Transcribe all data verbatim. Skip the pictures.

Dataset items:
Content starts

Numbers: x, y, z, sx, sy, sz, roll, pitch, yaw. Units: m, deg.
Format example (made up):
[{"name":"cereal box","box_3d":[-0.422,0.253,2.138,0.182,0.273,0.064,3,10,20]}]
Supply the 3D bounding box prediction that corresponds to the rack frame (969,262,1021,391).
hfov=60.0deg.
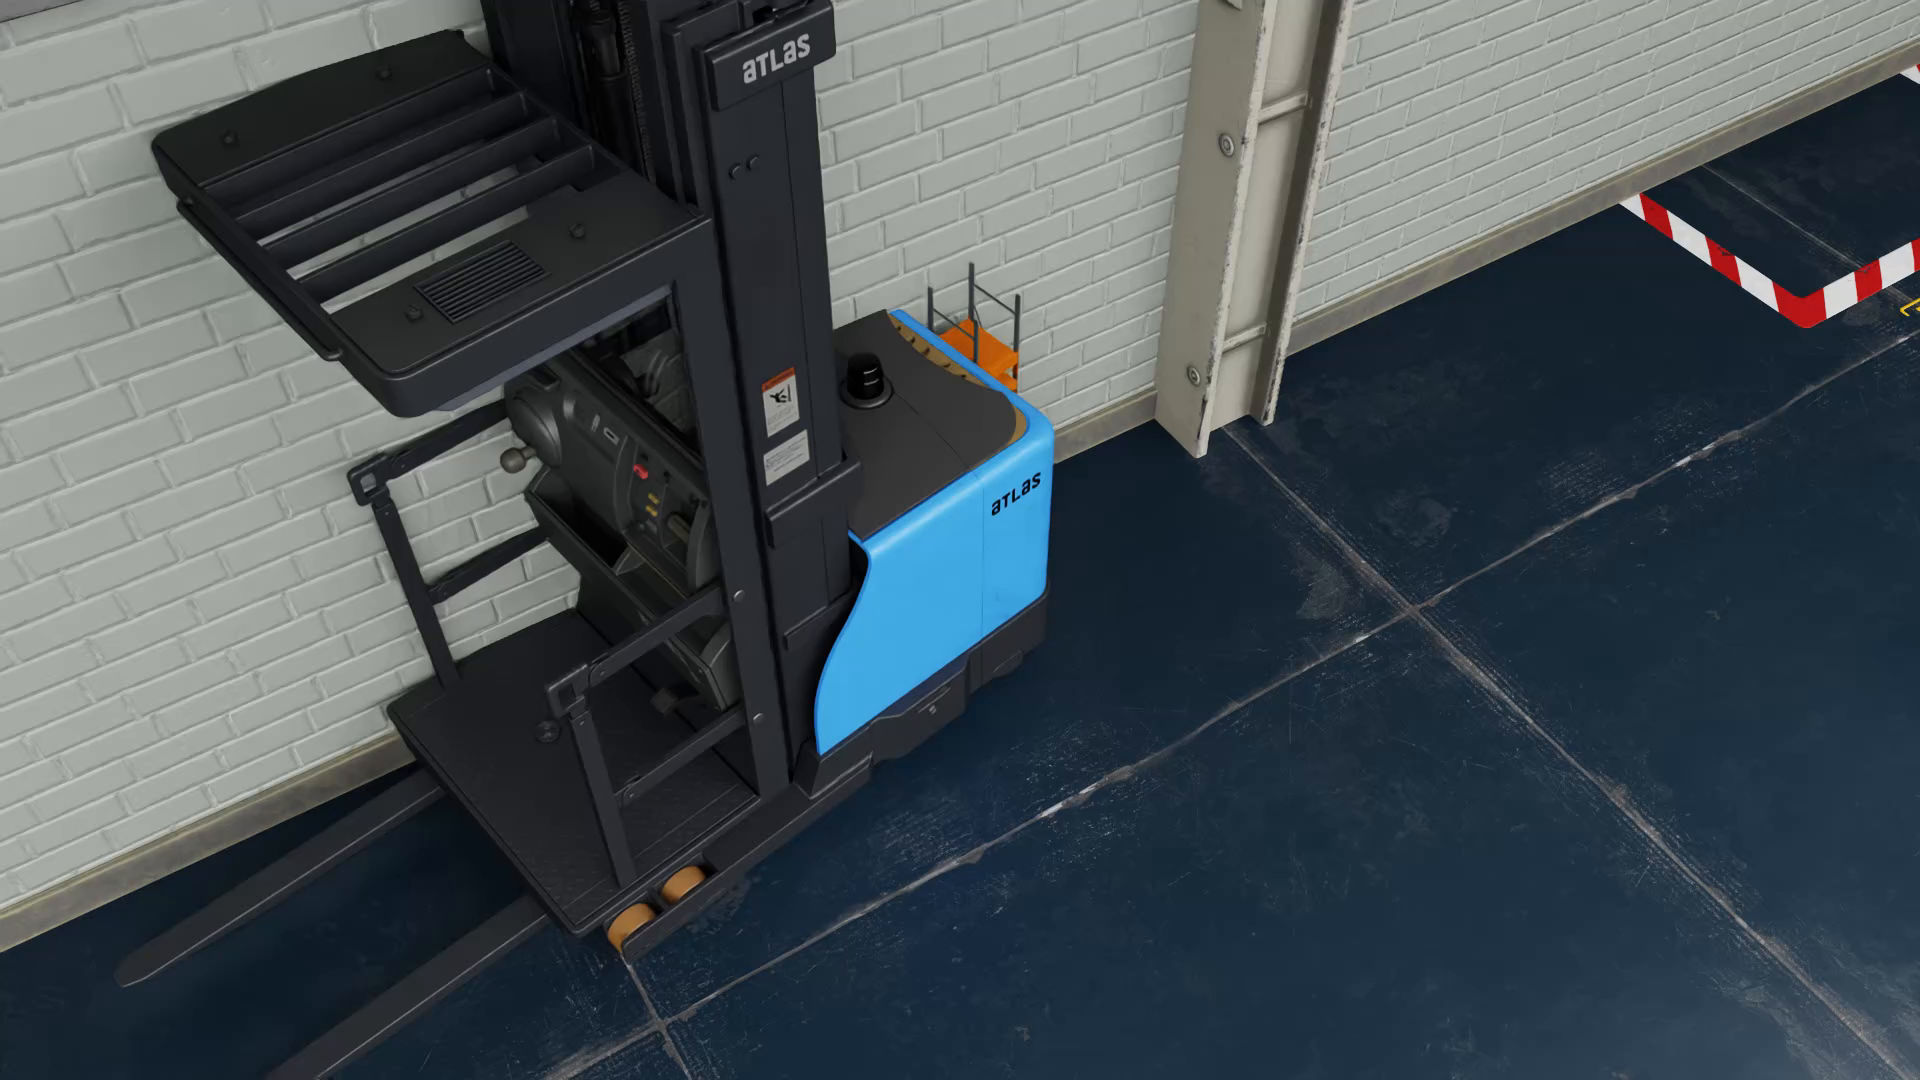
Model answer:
[{"name":"rack frame","box_3d":[0.113,-0.448,5.845,0.006,1.200,0.240,-34,57,-27]}]

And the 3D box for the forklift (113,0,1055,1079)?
[{"name":"forklift","box_3d":[-1.118,-0.143,4.415,3.031,2.935,1.130,-34,57,-27]}]

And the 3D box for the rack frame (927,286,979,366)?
[{"name":"rack frame","box_3d":[-0.022,-0.356,5.763,0.006,1.200,0.240,-34,57,-27]}]

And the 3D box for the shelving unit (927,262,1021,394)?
[{"name":"shelving unit","box_3d":[0.045,-0.402,5.804,0.189,1.200,0.258,-34,57,-27]}]

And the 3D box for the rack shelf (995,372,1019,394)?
[{"name":"rack shelf","box_3d":[0.045,-0.532,5.658,0.180,0.103,0.258,-34,57,-27]}]

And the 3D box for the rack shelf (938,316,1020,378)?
[{"name":"rack shelf","box_3d":[0.045,-0.612,5.569,0.180,0.103,0.258,-34,57,-27]}]

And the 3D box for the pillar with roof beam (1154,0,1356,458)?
[{"name":"pillar with roof beam","box_3d":[3.310,-0.770,0.910,0.400,9.000,9.100,-25,53,-21]}]

Content ends

**ANSWER BOX**
Numbers: x, y, z, sx, sy, sz, roll, pitch, yaw. Units: m, deg.
Format example (made up):
[{"name":"cereal box","box_3d":[-0.422,0.253,2.138,0.182,0.273,0.064,3,10,20]}]
Supply the 3D bounding box prediction that corresponds to the rack frame (969,262,1021,391).
hfov=60.0deg.
Model answer:
[{"name":"rack frame","box_3d":[0.113,-0.448,5.845,0.006,1.200,0.240,-34,57,-27]}]

And the 3D box for the forklift (113,0,1055,1079)?
[{"name":"forklift","box_3d":[-1.118,-0.143,4.415,3.031,2.935,1.130,-34,57,-27]}]

And the 3D box for the rack frame (927,286,979,366)?
[{"name":"rack frame","box_3d":[-0.022,-0.356,5.763,0.006,1.200,0.240,-34,57,-27]}]

And the 3D box for the shelving unit (927,262,1021,394)?
[{"name":"shelving unit","box_3d":[0.045,-0.402,5.804,0.189,1.200,0.258,-34,57,-27]}]

And the 3D box for the rack shelf (995,372,1019,394)?
[{"name":"rack shelf","box_3d":[0.045,-0.532,5.658,0.180,0.103,0.258,-34,57,-27]}]

And the 3D box for the rack shelf (938,316,1020,378)?
[{"name":"rack shelf","box_3d":[0.045,-0.612,5.569,0.180,0.103,0.258,-34,57,-27]}]

And the 3D box for the pillar with roof beam (1154,0,1356,458)?
[{"name":"pillar with roof beam","box_3d":[3.310,-0.770,0.910,0.400,9.000,9.100,-25,53,-21]}]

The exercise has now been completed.